Tex. Penal Code Ann. § 9.42 (Vernon 2003). Ewing argues that such an instruction was warranted based on his testimony that
 
*Wheelington ran up to his car demanding money and became violent when he was not paid,
 
*as he fought with Wheelington, he saw Mark approach his car “where his wife and money were,”
 
*David and Mark were both aware he kept money in his car, and
 
*when he pushed Mark away from the car, Wheelington started fighting him again and the fight escalated with Mark joining in and hitting him with his wheelchair's footrest.
 
This testimony, however, failed to show that an unlawful interference or dispossession of Ewing's property had occurred or that deadly force was necessary to protect his property. As the State points out, if Ewing felt threatened by David's actions before he got out of his car, he could have simply driven away. And, if he felt threatened by Mark, he also could have driven away once he pushed Mark away from the car. Given the evidence before the court, we conclude no error occurred in denying Ewing's requested instruction on defense of property. We resolve Ewing's sixth issue against him.
Instruction on Provocation
        We also resolve against Ewing his seventh issue in which he asserts the court reversibly erred in instructing the jury on provocation. The complained-of instruction reads as follows
 
        You are further instructed as part of the law in this case, and as qualification of the law on self-defense, that the use of force by the defendant against another is not justified if, under the circumstances as the defendant reasonably believes them to be, the defendant provoked the deceased's use or attempted use of unlawful force unless (a) the defendant abandons the encounter or clearly communicates to the deceased his intent to do so, reasonably believing he could not safely abandon the encounter, and (b) the deceased, nevertheless, continued or attempted to use unlawful force against the defendant or third party.
 
This instruction followed the court's instruction on self-defense and tracked the language of section 9.31(b)(4) of the penal code. See Tex. Penal Code Ann. § 9.31(b)(4) (Vernon Supp. 2008). In arguing the issue, Ewing maintains no evidence existed that he intended to provoke the difficulty with Wheelington as a pretext to kill or seriously injure him.
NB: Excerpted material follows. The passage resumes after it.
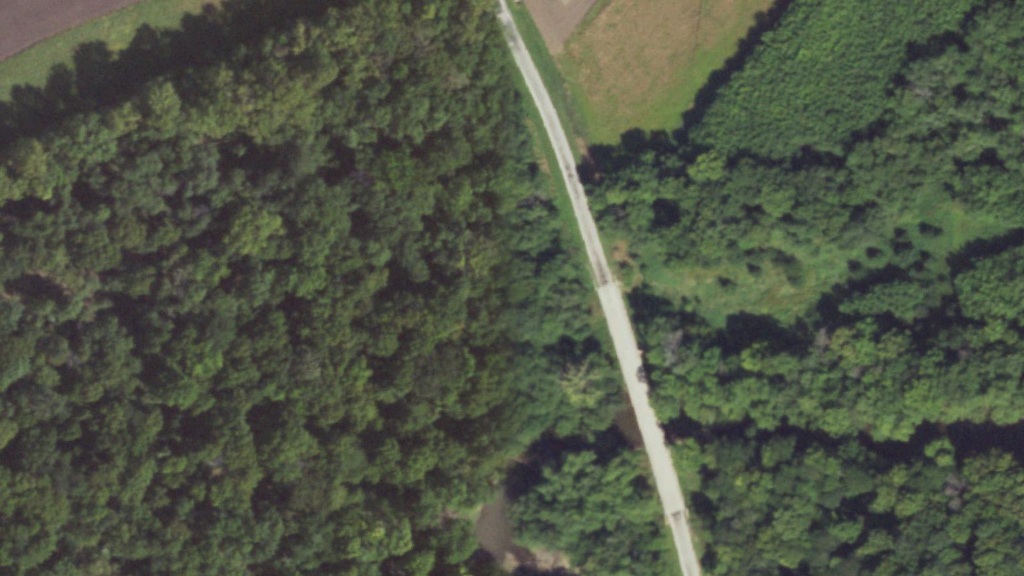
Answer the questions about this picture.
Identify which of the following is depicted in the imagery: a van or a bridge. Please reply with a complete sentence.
It is a bridge that can be seen here.
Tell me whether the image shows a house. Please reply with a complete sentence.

        An instruction on provocation is required when there is sufficient evidence that (1) the defendant did some act or used some words which provoked the attack on him, (2) such act or words were reasonably calculated to provoke the attack, and (3) the act was done or the words were used for the purpose and with the intent the defendant would have a pretext for inflicting harm upon the other. Smith v. State, 965 S.W.2d 509, 513 (Tex. Crim. App. 1998); Harrod v. State, 203 S.W.3d 622, 628 (Tex. App.-Dallas 2006, no pet.). Whether the defendant acted with the requisite intent is a question of fact to be determined from the totality of the circumstances, including any words said or actions taken by the defendant before, during, and after the provocation. Smith, 965 S.W.2d at 513; Harrod, 203 S.W.3d at 628. In reviewing the propriety of a provocation instruction, we view the evidence in the light most favorable to the instruction and ask whether sufficient evidence existed from which a rational juror could have found provocation beyond a reasonable doubt. Smith, 965 S.W.2d at 514; Harrod, 203 S.W.3d at 629.
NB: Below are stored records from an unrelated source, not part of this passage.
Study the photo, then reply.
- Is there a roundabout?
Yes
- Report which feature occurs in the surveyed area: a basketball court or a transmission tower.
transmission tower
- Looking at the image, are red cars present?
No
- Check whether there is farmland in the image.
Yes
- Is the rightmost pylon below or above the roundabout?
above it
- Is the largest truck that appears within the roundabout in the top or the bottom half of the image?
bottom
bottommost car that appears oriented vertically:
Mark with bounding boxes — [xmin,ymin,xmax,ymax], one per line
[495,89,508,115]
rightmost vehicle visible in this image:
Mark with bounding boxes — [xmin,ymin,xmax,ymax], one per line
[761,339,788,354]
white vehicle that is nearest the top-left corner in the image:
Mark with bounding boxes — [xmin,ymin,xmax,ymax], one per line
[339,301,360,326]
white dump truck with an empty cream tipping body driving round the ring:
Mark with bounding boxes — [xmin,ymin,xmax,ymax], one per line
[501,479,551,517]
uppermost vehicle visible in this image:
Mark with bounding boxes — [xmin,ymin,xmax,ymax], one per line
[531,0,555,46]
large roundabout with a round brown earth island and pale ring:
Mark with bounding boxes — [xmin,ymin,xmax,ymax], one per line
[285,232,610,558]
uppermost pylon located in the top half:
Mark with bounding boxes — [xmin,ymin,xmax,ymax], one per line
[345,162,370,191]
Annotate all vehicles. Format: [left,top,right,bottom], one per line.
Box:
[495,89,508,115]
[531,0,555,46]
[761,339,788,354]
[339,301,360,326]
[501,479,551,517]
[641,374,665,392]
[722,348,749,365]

        The evidence here, viewed in the light most favorable to the instruction, shows that there had been some “bad feelings” between Ewing and Wheelington in the days before the murder. The evidence further shows Ewing paid “some guys” to beat up Wheelington and then had his wife drive him towards the expressway in “hopes of catching” Wheelington. When he saw Wheelington, he asked his wife to stop the car, jumped out of the car, and slapped Mark-who is mentally disabled and was in a wheelchair at the time, prompting Wheelington to throw a brick at him. When Wheelington fled, Ewing chased after him and stabbed him. When Wheelington managed to get away, Ewing chased him again and stabbed him again. From this evidence, we conclude a rational juror could have found provocation beyond a reasonable doubt. Ewing's contention to the contrary is without merit.
 
Reasonable Doubt Instruction
        Finally, we also conclude no merit exists to Ewing's contention in his fifth and eighth issues that the court reversibly erred, at the guilt-innocence and punishment stages of trial respectively, in failing to sua sponte instruct the jury on the State's burden of proof for extraneous offenses. Ewing argues the court should have included the instruction even though not requested because of the evidence showing that he sold drugs to Wheelington and paid “some guys” to beat Wheelington up. The State concedes error occurred at punishment but argues no error occurred at guilt-innocence. We agree with the State.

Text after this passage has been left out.